If you're looking for one-stop solutions for JEE + NCERT theory, Arihant’s and Cengage’s books provide excellent detailed explanations.
Hi Aspirant, NTA will conduct JEE entrance exam, here is then link to download the JEE Main 2025 April 2 Shift answer key, visit our site https://engineering.careers360.com/articles/jee-main-april-2-shift-1-answer-key-2025
Hello,
Congratulations on achieving a 90.3 percentile in JEE Main 2025! As an SC category female candidate , you have a favorable position in the admission process for NITs. Let's assess your chances for Computer Science and Engineering (CSE) at NIT Goa and explore other potential NITs.
Understanding Your Rank:
Percentile to Rank Conversion: With a 90.3 percentile , your approximate Common Rank List (CRL) rank would be around 97,000 out of 1,000,000 candidates.
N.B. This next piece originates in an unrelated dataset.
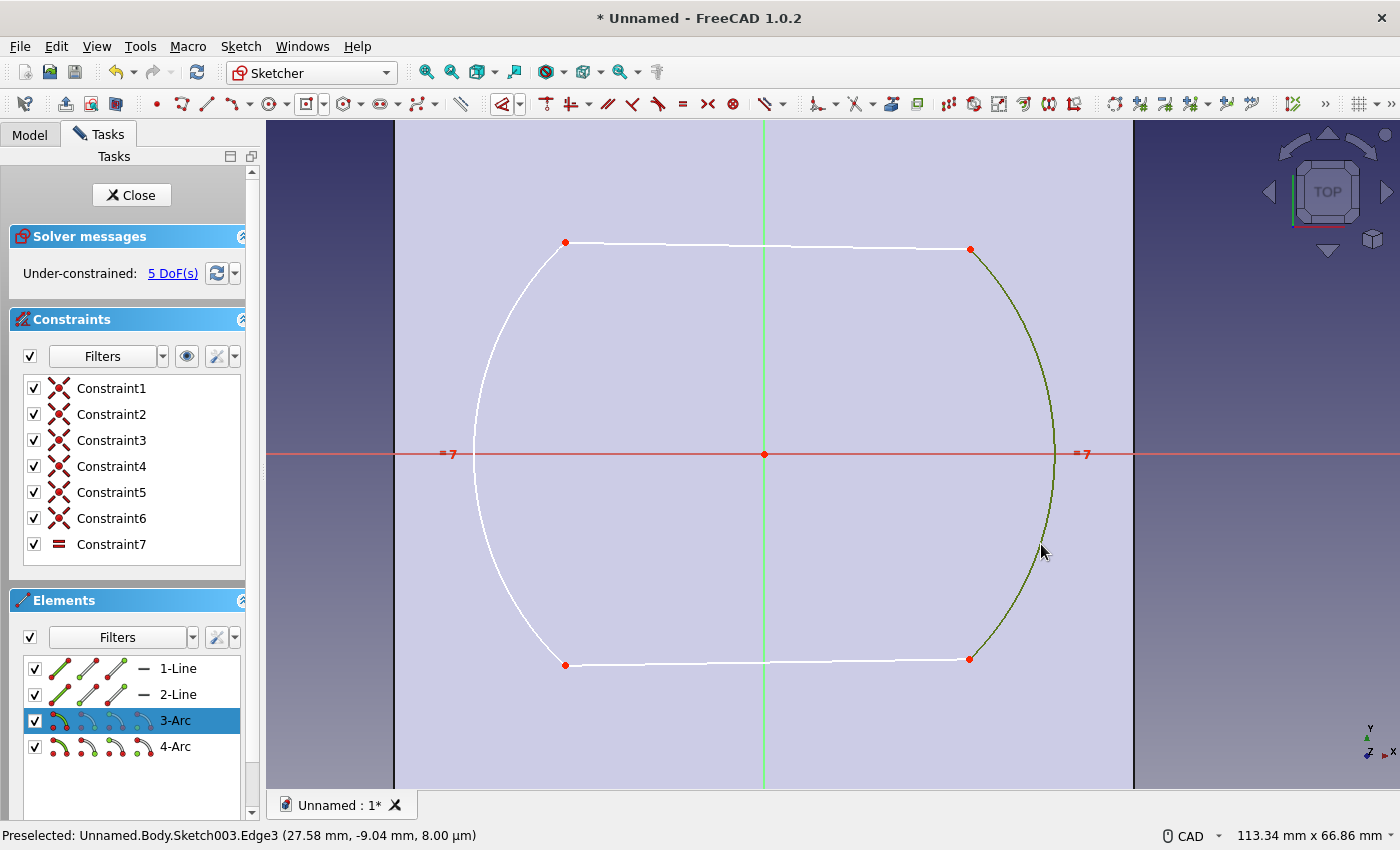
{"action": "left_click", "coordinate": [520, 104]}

For the SC category , this translates to an approximate category rank of 6,000 to 7,000 .
NIT Goa CSE Admission Chances:
Previous Year Cutoffs: In 2024, the SC category closing rank for CSE at NIT Goa was 2,445 .
Analysis: Given your estimated SC category rank of around 6,000 to 7,000 , securing a seat in CSE at NIT Goa may be challenging, as the previous year's cutoff was significantly lower.
Alternative NITs to Consider:
Based on previous years' data, here are some NITs where the SC category closing ranks for CSE were higher, indicating a better chance of admission:
NIT Agartala: Closing rank around 3,682 .
NIT Puducherry: Closing rank around 3,160 .
NIT Sikkim: Closing rank around 3,803 . https://www.careers360.com/
NIT Arunachal Pradesh: Closing rank around 4,295 .
Recommendations:
Participate in JoSAA Counseling: Engage actively in the JoSAA counseling process, listing multiple NITs and branches to maximize your admission chances. https://www.careers360.com/
Consider Related Branches: If CSE is highly competitive, explore related branches like Information Technology (IT) or Electronics and Communication Engineering (ECE) , which may have slightly higher cutoffs.
Stay Updated: Regularly check the official JoSAA website and individual NIT portals for the most current cutoff information and counseling updates.
Please note that cutoff ranks can vary each year based on factors like the number of applicants, seat availability, and exam difficulty. Therefore, while historical data provides a reference, it's essential to stay informed about the current year's trends.
Best wishes for your counseling process and future academic endeavors!
Hello,
Regarding your query there is no single "best" between JEE and NEET the choice depends on individuals understanding, interests, and career aspirations. While JEE s for aspiring engineers NEET is for aspiring doctors.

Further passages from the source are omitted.